Amaneció temprano como siempre. Todo era igual que cada día. En aquella habitación acolchada y blanca el sol se colaba furtivo por la pequeña ventana que daba al exterior. Sol. El sol estaba fuera, yo dentro, y dentro de mi había otra llama, ésta no era furtiva, estaba aplacada entre grilletes. Los grilletes me pesan como lo hace la vida, y el hilo de sol me refresca con su suave caricia.
El silencio era el de siempre, sencillo y cruel, nada. El espeso cristal de la ventana no permitía escuchar el ruido de la vida que bullía en el exterior. Sabía que fuera estaba Todo. Todo es difícil de definir. Acaso se quiere o se tiene pero a la larga se pierde, o no. Un día creo que lo tuve. Tuve Todo. O eso creí. Escucho, nada.
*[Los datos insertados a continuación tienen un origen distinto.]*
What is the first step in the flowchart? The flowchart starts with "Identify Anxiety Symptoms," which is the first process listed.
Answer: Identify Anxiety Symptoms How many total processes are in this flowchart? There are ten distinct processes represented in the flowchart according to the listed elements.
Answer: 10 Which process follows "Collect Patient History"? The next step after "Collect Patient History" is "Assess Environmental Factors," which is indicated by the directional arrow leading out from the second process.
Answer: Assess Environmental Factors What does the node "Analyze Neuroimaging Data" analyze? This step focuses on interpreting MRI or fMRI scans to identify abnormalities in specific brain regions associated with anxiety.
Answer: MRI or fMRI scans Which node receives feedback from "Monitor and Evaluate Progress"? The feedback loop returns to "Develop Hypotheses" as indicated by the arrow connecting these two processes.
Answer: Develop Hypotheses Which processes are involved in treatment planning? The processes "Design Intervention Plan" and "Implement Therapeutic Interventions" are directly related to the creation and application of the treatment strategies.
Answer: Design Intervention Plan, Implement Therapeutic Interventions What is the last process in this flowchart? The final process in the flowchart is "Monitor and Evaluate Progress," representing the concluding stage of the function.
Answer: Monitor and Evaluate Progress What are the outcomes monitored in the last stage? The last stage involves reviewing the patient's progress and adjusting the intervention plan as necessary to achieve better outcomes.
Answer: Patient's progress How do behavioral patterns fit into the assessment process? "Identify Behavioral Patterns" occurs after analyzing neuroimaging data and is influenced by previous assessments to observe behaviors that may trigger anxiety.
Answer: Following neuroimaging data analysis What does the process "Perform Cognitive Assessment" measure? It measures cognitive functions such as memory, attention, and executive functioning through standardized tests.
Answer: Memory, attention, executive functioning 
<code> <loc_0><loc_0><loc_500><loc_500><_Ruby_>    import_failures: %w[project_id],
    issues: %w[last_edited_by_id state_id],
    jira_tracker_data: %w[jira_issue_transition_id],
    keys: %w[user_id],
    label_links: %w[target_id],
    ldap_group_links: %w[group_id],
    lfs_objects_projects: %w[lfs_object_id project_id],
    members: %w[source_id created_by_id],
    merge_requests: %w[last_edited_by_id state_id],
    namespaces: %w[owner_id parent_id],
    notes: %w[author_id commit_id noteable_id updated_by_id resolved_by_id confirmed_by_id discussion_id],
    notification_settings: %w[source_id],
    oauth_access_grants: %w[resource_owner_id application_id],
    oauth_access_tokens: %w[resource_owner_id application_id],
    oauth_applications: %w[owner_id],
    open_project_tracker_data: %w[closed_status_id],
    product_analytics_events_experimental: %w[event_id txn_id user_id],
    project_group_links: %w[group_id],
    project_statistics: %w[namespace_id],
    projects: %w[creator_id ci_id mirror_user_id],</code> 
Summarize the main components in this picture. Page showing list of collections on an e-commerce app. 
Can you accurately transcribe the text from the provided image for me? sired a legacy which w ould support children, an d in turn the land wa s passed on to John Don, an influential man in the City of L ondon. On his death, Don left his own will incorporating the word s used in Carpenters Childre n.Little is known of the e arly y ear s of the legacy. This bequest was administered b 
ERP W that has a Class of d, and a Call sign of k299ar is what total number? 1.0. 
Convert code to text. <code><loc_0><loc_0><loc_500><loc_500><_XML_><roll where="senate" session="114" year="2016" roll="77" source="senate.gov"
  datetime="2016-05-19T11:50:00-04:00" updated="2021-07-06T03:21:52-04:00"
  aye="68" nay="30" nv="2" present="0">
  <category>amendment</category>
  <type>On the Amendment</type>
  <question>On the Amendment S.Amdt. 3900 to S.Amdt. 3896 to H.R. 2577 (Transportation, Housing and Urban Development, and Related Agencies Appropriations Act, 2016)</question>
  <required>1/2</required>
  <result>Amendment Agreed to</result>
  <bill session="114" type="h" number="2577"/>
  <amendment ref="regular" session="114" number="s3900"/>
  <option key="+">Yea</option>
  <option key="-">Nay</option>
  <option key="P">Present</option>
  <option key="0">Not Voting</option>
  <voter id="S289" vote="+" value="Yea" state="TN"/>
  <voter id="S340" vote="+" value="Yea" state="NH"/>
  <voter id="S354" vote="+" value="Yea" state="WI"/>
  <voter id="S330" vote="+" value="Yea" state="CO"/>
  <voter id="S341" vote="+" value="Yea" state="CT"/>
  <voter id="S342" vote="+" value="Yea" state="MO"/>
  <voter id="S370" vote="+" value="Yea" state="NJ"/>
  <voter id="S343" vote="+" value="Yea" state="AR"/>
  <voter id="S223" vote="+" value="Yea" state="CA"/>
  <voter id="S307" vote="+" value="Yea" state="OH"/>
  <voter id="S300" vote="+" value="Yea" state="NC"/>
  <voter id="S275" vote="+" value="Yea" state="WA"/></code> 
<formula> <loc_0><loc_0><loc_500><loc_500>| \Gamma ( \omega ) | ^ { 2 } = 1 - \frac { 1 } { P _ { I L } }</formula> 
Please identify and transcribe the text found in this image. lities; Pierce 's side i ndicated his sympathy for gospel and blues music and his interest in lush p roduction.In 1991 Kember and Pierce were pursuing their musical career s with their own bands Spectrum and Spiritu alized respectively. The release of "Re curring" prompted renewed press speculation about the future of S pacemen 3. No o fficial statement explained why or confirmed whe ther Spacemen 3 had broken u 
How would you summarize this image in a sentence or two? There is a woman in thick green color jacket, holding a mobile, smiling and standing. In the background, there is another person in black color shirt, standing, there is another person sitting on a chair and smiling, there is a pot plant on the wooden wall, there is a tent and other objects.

La cama intacta me hizo pensar que no había dormido en ella, pero ¿acaso no había dormido? El sueño era el de siempre, aunque no era natural formaba parte presente y permanente de mi vida. Los párpados me pesaban en un intento de echar el cierre a una realidad que me asustaba. El sol hacía que volviera a abrir mis expectativas al mundo, al blanco mullido que me rodeaba. Me vencía y al caer un suave acolchado me mecía en la caída. Ese tacto era reconfortante, cada día, distinto, era igual. Apoyo mi cara cada día para hacerme acariciar por unas manos artificiales que me consuelan. Quisiera las de verdad, las mías no eran libres, me daban siempre la espalda salvo para comer.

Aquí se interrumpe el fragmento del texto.